Section 12.3.1 showed how raw textual documents can be converted into tsvector values. PostgreSQL also provides functions and operators that can be used to manipulate documents that are already in tsvector form.
tsvector || tsvector
The tsvector concatenation
          operator returns a vector which combines the lexemes and
          positional information of the two vectors given as
          arguments. Positions and weight labels are retained
          during the concatenation. Positions appearing in the
          right-hand vector are offset by the largest position
          mentioned in the left-hand vector, so that the result is
          nearly equivalent to the result of performing
          to_tsvector on the
          concatenation of the two original document strings. (The
          equivalence is not exact, because any stop-words removed
          from the end of the left-hand argument will not affect
          the result, whereas they would have affected the
          positions of the lexemes in the right-hand argument if
          textual concatenation were used.)

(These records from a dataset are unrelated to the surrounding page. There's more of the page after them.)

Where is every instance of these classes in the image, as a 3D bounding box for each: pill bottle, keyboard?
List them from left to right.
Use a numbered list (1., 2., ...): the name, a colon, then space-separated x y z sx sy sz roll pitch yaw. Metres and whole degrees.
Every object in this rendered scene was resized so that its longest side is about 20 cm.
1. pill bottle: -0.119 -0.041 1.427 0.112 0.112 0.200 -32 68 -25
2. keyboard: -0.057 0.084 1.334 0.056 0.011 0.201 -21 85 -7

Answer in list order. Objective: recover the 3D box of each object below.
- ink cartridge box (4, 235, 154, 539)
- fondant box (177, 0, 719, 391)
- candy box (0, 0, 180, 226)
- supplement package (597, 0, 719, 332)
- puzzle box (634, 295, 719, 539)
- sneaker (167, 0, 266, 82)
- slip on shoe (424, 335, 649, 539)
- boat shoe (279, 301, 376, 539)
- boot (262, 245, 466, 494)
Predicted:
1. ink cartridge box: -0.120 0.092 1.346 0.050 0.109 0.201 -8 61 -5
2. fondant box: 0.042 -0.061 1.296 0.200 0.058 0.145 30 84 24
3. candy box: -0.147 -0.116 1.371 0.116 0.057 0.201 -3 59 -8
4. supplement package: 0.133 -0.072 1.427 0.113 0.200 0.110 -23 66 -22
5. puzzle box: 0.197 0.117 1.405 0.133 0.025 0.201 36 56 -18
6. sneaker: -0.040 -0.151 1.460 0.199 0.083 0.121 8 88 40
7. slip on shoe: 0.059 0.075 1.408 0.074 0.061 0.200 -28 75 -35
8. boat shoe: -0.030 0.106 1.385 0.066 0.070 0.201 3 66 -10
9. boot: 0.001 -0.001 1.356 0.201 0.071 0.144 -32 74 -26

One advantage of using concatenation in the vector
          form, rather than concatenating text before applying
          to_tsvector, is that you
          can use different configurations to parse different
          sections of the document. Also, because the setweight function marks all lexemes of
          the given vector the same way, it is necessary to parse
          the text and do setweight
          before concatenating if you want to label different parts
          of the document with different weights.
setweight(vector tsvector, weight "char") returns tsvector
setweight returns a copy
          of the input vector in which every position has been
          labeled with the given weight, either A, B, C, or D.
          (D is the default for new
          vectors and as such is not displayed on output.) These
          labels are retained when vectors are concatenated,
          allowing words from different parts of a document to be
          weighted differently by ranking functions.
Note that weight labels apply to positions, not lexemes. If the input
          vector has been stripped of positions then setweight does nothing.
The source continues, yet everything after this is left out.